About this Blog

Frustrated with the worsening state of my chemically straightened hair and desiring a greener life style, in March 2011, I decided to transition to natural hair. As my natural hair grew out, transitioning presented a challenge for me. It was difficult to manage my extremely curly new growth and limp straight ends. So in December 2011, I cut off all my relaxed hair. It was a wonderful moment, as it was the first time in my adult life, that I’d seen my hair in its natural state. It was also terrifying, because I had no idea what to do with my “new” hair.

Thanks to the web, there was so many useful videos and forums to help me on my way. I started off many times on the wrong foot. Trying any piece of advice I saw, thinking there was a natural hair rule book that I had to play by.

A year and a half later, I’m finally starting to “get” my hair. It’s been no walk in the park. I learned very late in the process that my hair basically locks out moisture. It’s low porosity and it’s extremely difficult to moisturize. Thus, I had to throw much of what I’d learned out the window and start fresh.

My research on the web and experimentation, has helped me come up with some natural and simple ways to care for my low porosity hair. This blog will concentrate on caring for low porosity hair. If you have low porosity hair and have questions on caring for your hair or would like to contribute to this blog, please send me a message.

Please click the links below, for more info on:

  1. my hair story
  2. my regimen
  3. Intro to Hair Porosity

18 thoughts on “About this Blog

    • Thanks for stopping by!! I will try to update my posts on a weekly basis and hope that my experience can be of help to you. Looking forward to your comments and tips from readers as well!

  1. OMG!, you are just a blessing coming from heaven. I was trying to take care of my hair forever. Product build up etc. White thing on my hair when I conditioned or used shea butter. How do you use conditioner? how do you do your daily moisturizing? thank you again

    • Hi Poupee! Thanks for stopping by. You’re so sweet. I’m really speaking from my own experience with my natural low porosity hair and truly hope this can help anyone out there experiencing similar issues. I am going to write a post on my regimen today and go into details about my daily/weekly routine. My entries and replies may be slow at times, but fret not I will always respond. Have a lovely day!
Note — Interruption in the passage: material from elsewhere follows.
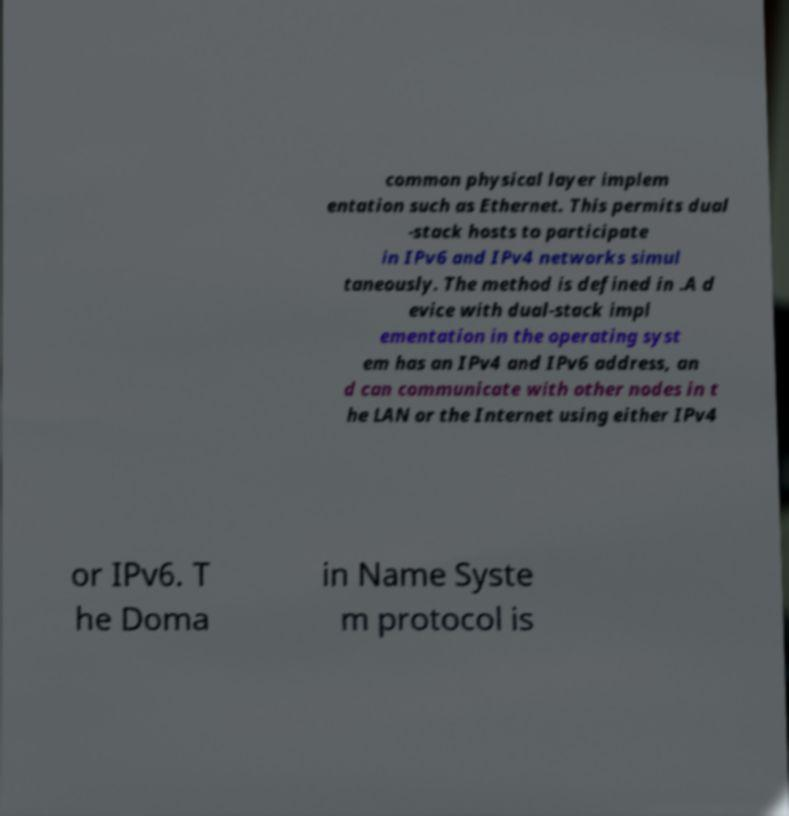Could you assist in decoding the text presented in this image and type it out clearly? common physical layer implem entation such as Ethernet. This permits dual -stack hosts to participate in IPv6 and IPv4 networks simul taneously. The method is defined in .A d evice with dual-stack impl ementation in the operating syst em has an IPv4 and IPv6 address, an d can communicate with other nodes in t he LAN or the Internet using either IPv4 or IPv6. T he Doma in Name Syste m protocol is

  2. Pingback: Calling All Low Porosity Beauties | lowporosityhaircare

  3. I’ve been natural for almost 3 years. I’ve read/watched so much about natural haircare that my eyes are starting to hurt. I think I’m Finally starting to understand my hair, but finding consolidated information on low porosity haircare has been close to impossible. I can’t tell you how great it was to find this site. I’ve never commented anywhere, but I had to say, “Thank you for taking the time to create this.” It’s already super helpful and reassuring.

    • Thank you for commenting and I’m really happy the information helps! I too know how frustrating it is to start over and figure out why things aren’t working in your regimen.
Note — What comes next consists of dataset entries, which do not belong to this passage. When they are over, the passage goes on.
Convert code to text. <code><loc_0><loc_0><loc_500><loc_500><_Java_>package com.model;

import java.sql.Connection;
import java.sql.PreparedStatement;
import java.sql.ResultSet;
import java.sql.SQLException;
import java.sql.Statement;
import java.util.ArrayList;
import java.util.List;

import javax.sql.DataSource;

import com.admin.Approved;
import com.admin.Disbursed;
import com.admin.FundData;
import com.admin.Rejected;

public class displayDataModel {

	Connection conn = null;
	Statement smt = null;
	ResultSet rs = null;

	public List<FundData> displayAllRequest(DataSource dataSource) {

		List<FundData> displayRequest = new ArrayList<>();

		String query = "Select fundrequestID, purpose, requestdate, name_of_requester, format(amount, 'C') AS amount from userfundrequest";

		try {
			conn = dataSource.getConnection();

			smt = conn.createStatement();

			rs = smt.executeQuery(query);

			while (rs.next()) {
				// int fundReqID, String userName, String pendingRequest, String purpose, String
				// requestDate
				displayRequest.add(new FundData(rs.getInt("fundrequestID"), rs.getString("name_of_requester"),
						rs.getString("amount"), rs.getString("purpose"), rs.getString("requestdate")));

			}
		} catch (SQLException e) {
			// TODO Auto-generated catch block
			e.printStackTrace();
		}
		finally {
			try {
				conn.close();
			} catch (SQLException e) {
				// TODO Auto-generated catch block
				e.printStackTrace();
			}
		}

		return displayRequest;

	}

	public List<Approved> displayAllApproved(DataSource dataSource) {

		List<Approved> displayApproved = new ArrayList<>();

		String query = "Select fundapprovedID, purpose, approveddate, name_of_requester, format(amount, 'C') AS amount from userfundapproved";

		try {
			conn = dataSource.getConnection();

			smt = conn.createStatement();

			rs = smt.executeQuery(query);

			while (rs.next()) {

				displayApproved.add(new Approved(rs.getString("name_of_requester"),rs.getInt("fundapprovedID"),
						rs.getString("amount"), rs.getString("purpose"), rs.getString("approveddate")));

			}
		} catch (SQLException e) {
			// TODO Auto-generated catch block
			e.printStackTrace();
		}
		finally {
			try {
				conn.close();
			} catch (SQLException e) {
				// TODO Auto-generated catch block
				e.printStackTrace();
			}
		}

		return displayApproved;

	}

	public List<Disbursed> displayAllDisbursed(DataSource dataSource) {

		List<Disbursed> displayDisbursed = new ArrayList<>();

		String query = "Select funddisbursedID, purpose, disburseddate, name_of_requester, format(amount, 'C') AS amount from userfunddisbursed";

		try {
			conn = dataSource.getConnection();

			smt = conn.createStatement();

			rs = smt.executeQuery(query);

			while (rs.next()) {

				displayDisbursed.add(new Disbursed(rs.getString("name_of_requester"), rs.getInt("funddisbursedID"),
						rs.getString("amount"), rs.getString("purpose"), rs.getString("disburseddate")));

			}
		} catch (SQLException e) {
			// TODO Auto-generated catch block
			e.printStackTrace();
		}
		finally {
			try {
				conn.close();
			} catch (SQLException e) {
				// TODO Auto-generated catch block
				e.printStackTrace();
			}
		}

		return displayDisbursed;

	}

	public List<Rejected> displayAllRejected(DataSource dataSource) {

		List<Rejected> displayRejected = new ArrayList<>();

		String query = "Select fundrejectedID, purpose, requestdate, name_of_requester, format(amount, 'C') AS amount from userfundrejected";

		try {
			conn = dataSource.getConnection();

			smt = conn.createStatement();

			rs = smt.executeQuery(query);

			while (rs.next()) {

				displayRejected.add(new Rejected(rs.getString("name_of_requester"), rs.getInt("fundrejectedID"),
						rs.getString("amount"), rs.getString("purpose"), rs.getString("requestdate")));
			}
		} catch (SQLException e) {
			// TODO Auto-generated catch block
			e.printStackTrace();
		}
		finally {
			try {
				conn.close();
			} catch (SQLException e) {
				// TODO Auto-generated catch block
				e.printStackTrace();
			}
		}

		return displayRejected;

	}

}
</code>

  4. I am happy I have come across your blog, and hope I can learn a lot from you! I had my last relaxer about the same time you had yours, and although it has been about 2 years, I still feel like I know nothing about my hair…I too have watched countless videos, but my hair still presents a challenge! My hair will not accept ANYTHING! The porosity is ridiculously low! I think I have to incorporate heat into my regimen! Now, i would like to know which is preferable, a heat cap or a bonnet dryer…
    Anyway, I do know that I have low porosity, fine, but dense hair… and my hair always feels dry! So hopefully I will try stuff that you do and hope it works for me!
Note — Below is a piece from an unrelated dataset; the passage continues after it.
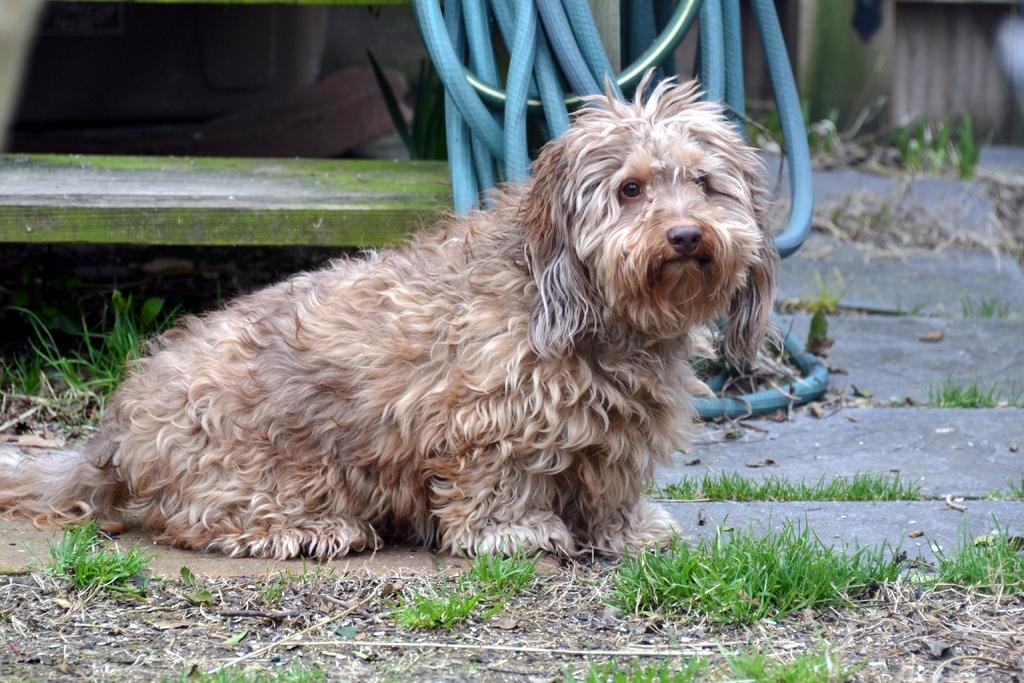What animal can be seen in the image? There is a dog in the image. What is the dog standing or sitting on? The dog is on a surface in the image. What type of vegetation is visible in the image? Grass is visible in the image. What man-made object can be seen in the image? There is a pipe in the image. What type of seating is present in the image? There is a wooden bench in the image. What grade does the dog receive for its performance in the image? There is no grading system or performance evaluation present in the image, as it features a dog and other objects.

    • Hi, thanks for stopping by! Yes heat + low porosity + DCs are a must. You’ll notice a difference. I use a bonnet bc that’s what I found available to me in Europe. If you have a heat cap, by all means use that. In general I’d say any source of heat is good. Steamers probably the most effective. But with a plastic cap and a source of heat, you’re on the right track.

  5. Just discovered your blog, and I am so grateful! I’ve read every post and taken notes! Thank you so much for taking the time to share what works and doesn’t work for your hair. I’ve been struggling with maintaining my low porosity hair’s moisture for a long time. You have given me some great tips! Hopefully my hair will be as shiny as yours when I start implementing your methods (today)! Have you ever tried using castile soap instead of the baking soda? I’ve been researching this option as well…Thanks again!

    • Hi! Thanks for your nice compliments and for stopping by! I have never tried Castile soap, but have heard good things about it as a clarifier. Let me know what tips you test out and how they work for you.

  6. So glad to have come across this blog that is specifically on low porosity hair as I have been feeling quite frustrated that my hair does not look as healthy and as gorgeous as what I see online. Since I know I can have countless questions, I will ask one at a time so as not to get overwhelmed. Question one, on co-wash days, after washing with conditioner, should I condition the hair and if yes, can I use the same conditioner I used for co-washing?

    • Hi! Thx for commenting! I’m not a cowasher and always use some type of cleansing product. However, there isn’t a one-fits-all hair standard. What I can say is warm water, heat and ph are important steps in getting your hair moisturized. So be sure to factor these things into your regimen. Hope that helps and please keep with it, don’t get discouraged!